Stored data
┌──
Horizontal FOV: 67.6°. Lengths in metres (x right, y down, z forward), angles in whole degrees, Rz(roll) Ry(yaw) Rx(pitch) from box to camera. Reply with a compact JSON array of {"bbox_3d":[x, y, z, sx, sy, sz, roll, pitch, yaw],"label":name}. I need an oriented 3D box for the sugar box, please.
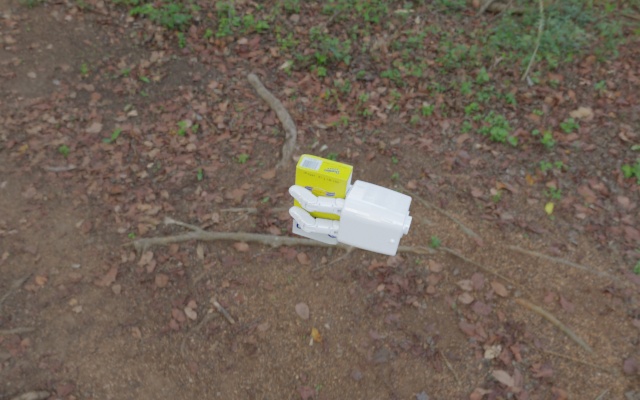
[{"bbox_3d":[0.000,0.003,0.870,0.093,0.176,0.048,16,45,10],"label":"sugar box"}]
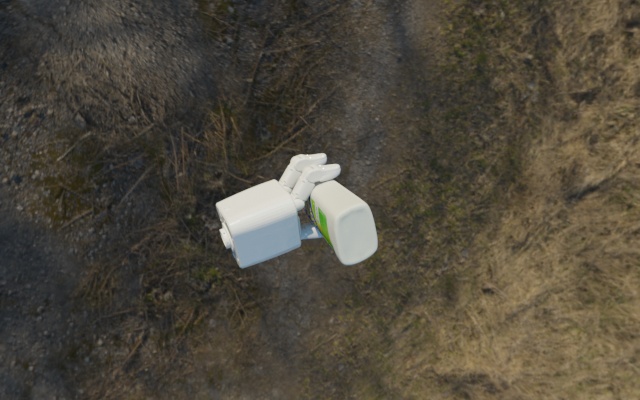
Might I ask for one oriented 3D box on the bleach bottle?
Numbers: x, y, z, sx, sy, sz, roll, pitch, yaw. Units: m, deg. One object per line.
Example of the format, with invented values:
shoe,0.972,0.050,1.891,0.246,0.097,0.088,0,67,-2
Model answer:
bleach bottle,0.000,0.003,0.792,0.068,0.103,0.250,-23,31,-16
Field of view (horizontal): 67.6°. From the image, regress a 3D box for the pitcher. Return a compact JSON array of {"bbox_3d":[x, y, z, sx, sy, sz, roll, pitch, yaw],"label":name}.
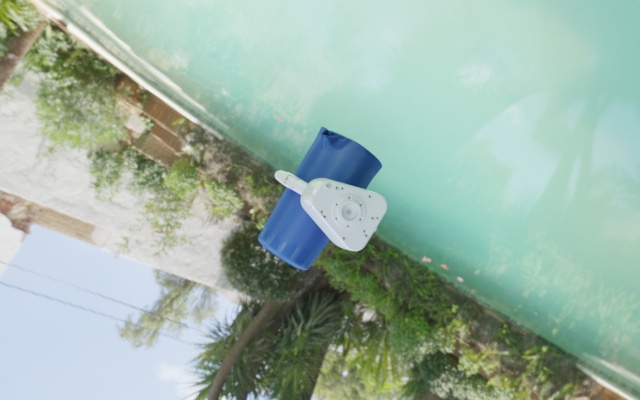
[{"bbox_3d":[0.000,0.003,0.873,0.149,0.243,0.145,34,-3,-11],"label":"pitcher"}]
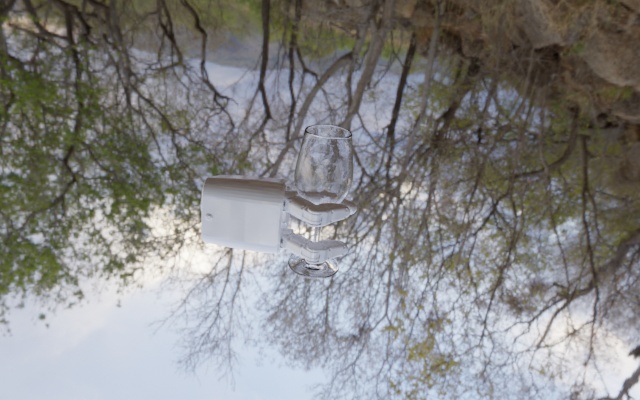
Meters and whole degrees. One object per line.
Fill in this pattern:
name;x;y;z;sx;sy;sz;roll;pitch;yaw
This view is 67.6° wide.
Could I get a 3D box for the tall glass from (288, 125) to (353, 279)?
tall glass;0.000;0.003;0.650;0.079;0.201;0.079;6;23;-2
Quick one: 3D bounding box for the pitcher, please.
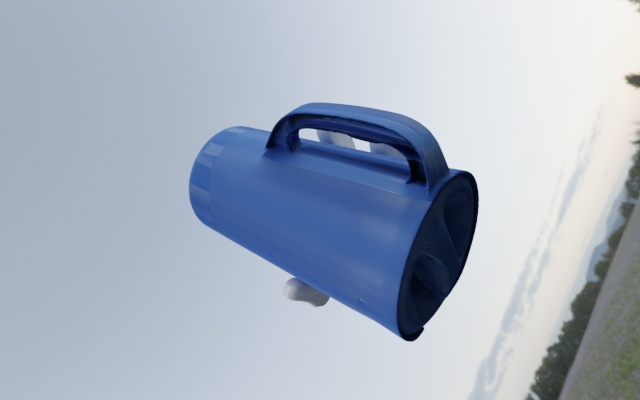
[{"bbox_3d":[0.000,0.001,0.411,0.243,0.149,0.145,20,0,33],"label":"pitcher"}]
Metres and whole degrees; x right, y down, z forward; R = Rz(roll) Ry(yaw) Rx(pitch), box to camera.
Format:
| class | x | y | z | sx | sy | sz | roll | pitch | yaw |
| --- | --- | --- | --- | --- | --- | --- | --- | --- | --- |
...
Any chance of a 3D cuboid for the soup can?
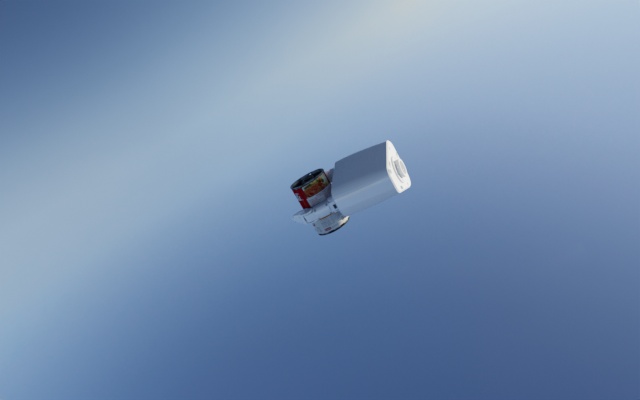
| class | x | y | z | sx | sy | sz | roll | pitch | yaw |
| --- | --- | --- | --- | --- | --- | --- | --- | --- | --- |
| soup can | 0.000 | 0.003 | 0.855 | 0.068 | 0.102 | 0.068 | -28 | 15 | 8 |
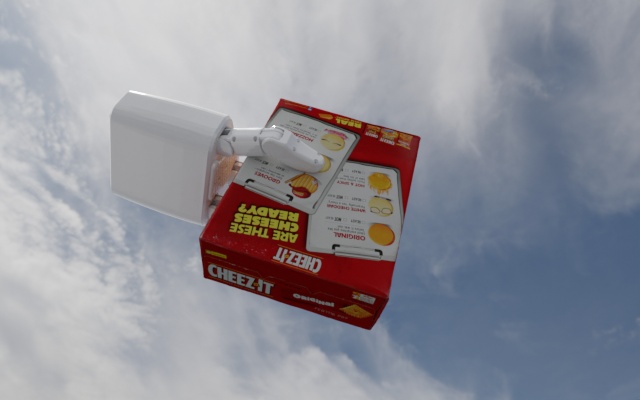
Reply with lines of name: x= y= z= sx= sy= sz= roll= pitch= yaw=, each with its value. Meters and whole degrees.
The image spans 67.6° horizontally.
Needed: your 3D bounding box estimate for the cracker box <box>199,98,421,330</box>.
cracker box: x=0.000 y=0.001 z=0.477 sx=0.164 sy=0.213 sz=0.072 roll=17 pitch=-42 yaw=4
└──
- **Task item**:
Search the entries above for the string "Meters", and report each line where it occurs.

- **Reply**:
Meters and whole degrees. One object per line.
Reply with lines of name: x= y= z= sx= sy= sz= roll= pitch= yaw=, each with its value. Meters and whole degrees.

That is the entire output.